Papillary thyroid carcinoma, microcarcinoma variant

The microcarcinoma variant refers to tumor less than 1cm at its widest diameter that is undetectable in preoperative examination [7,41-43]. This subtype also has been termed occult papillary carcinoma [7]. Microcarcinoma PTC variant has female predominance with a wide age range between 27-74 years [43]. This tumor is the most frequently encountered PTC at autopsy [7]. Histologically these are characterized by frosted glass appearing nuclei, with nuclear grooves, desmoplasia and proximity to thyroid capsule [7]. Immunohistochemical characteristics of this variant include positive stating for thyroglobulin transcription factor-1, thyroglobulin, galectin-3, and Hector Battifora Mesothelial-1 (HBME-1) [7]. However conservative surgical treatment is the treatment of choice for microcarcinoma PTC, patients are kept under surveillance to exclude possibility of occult metastasis [7,41]. Following prompt and adequate treatment, there is usually no tumor recurrence, distant metastasis, nor effect on survival [7,42].

Papillary thyroid carcinoma, follicular variant

Follicular variant PTC is the second most common subtype of PTC which accounts for 9-30% of all PTC [1,8,30,44]. The follicular variant of PTC was first described by Lindsay in 1960, followed by Cheng and Rosai in 1977 and 1983 [1,44]. Follicular variant PTC is characterized by nuclear features of PTC and a follicular growth pattern [1,33]. Two clinically and genetically distinct subtypes have been described; encapsulated (EFVPTC) and non-encapsulated (NFVPTC) [1,44]. Encapsulated FVPTC presents a diagnostic challenge as it is difficult to be differentiated from a benign follicular adenoma [1,30,33,44]. The non-invasive encapsulated subtype has been reclassified as noninvasive follicular thyroid neoplasm with papillary-like nuclear features (NIFTP) [44]. Macrofollicular variant of the papillary thyroid carcinoma is another follicular variant subtype which has larger follicles ≥ 250mm.45,46 EFVPTC usually behaves as follicular tumors with rare (5%) metastatic lymphadenopathy.1 These are associated with high-rate RAS mutations (36%) without BRAF mutations [1,33]. In contrast, non-encapsulated FVPTC behaves like classic PTC with cervical lymphadenopathy (65%), high rate of BRAF mutations (26%) and less RAS mutations (10%) [1,8]. On ultrasound the encapsulated subtype appears as welldemarcated isoechoic nodule without macrocalcifications (Figure 2) [8,30]. Cystic and partial cystic appearance without other aggressive features have been described.30 The non-encapsulated (infiltrative) subtype has a more aggressive and suspicious appearance on ultrasound.30 These appear as ill-defined nodules with irregular margins, internal microcalcifications and locoregional lymphadenopathy [8,30].

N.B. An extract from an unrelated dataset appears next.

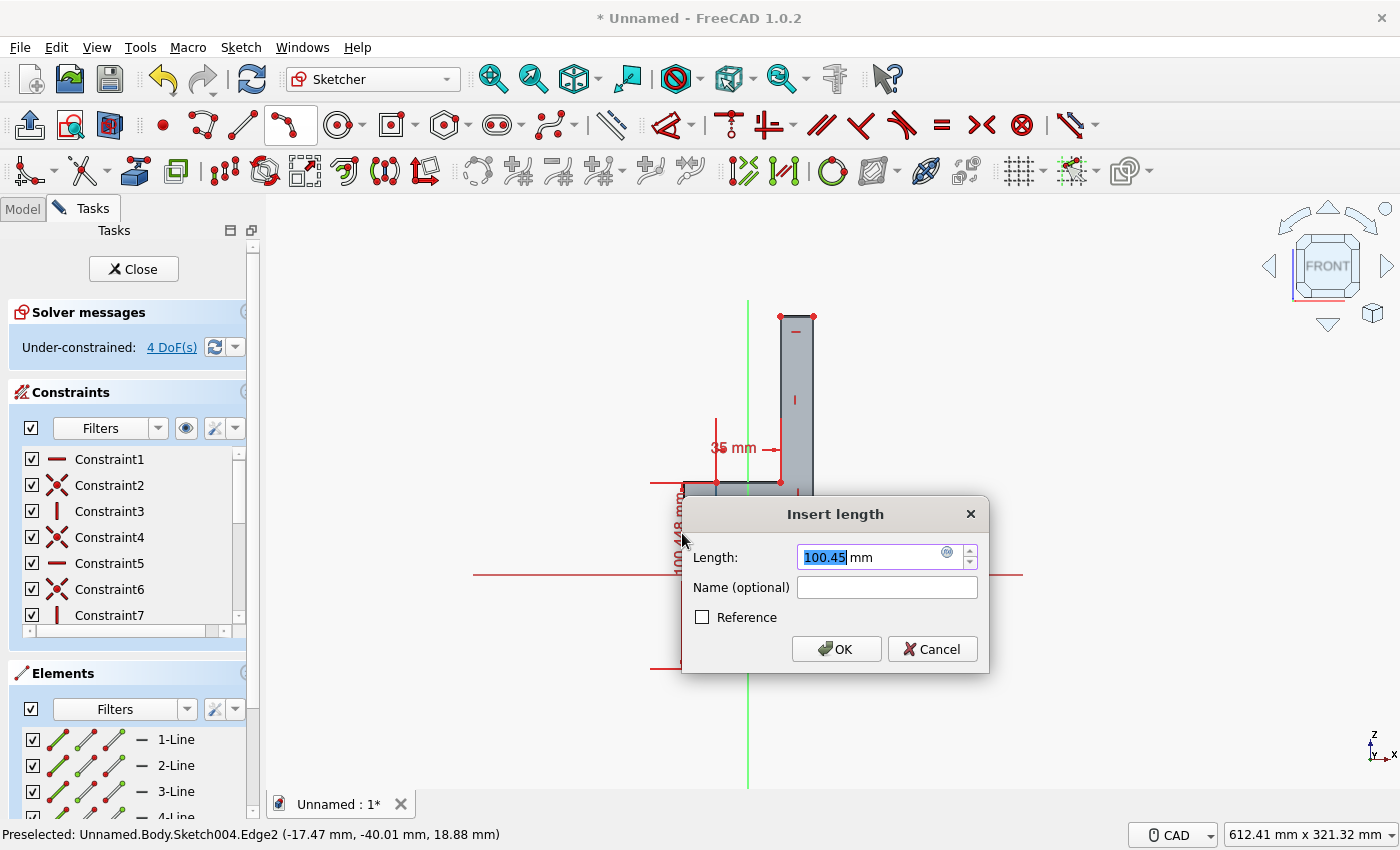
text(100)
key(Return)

Papillary thyroid carcinoma, oncocytic cell variant

The oncocytic (Hurthle) variant represents approximately 1-11% of all PTC and was first described by Karl Hürthle in 1894 [8,40,47]. Histologically the oncocytic variant is characterized by large irregularly clustered oncocytes with marked eosinophilic granular cytoplasm, “Orphan Annie” nuclei, and other features of classic PTC [7-9,40]. These tumors usually have no psammoma bodies or areas of calcification [7]. Several studies found an association between the oncocytic variant and autoimmune (Hashimoto’s or lymphocytic) thyroiditis [8,33,40]. Whereas other articles advocate that presence of thyroiditis is a differential key point between the oncocytic and Warthin like PTC variants [9]. This variant has variable prognosis and biological behavior but usually better than classic PTC [7,8,40]. On ultrasound these tumors appear as well-defined nodules with less frequent internal calcifications (Figure 3) [8].

Papillary thyroid carcinoma, warthin-like variant

This uncommon, recently recognized variant resembles a Warthin tumor of the salivary glands histologically [8]. Apel et al. first described this entity in 1995 [8,10,48]. Microscopically, this variant is characterized by oncocytic cells on background of lymphocytic (Hashimoto) thyroiditis with papillary architecture and characteristic nuclear feature of papillary thyroid carcinoma [8-10,33]. Warthin-like PTC variant has lower BRAF mutations compared to classic PTC [10]. A few reports had described ultrasound imaging features of Warthin-like variant which include well-circumscribed nodules with irregular margins and internal microcalcifications [49-52]. The thyroid parenchyma typically appears heterogenous due to associated thyroiditis (Hashimoto thyroiditis) [8]. The propensity of lymphocytic infiltration within the tumor might contribute to the control of tumor growth with favorable prognosis of this variant, and less nodal metastasis [8].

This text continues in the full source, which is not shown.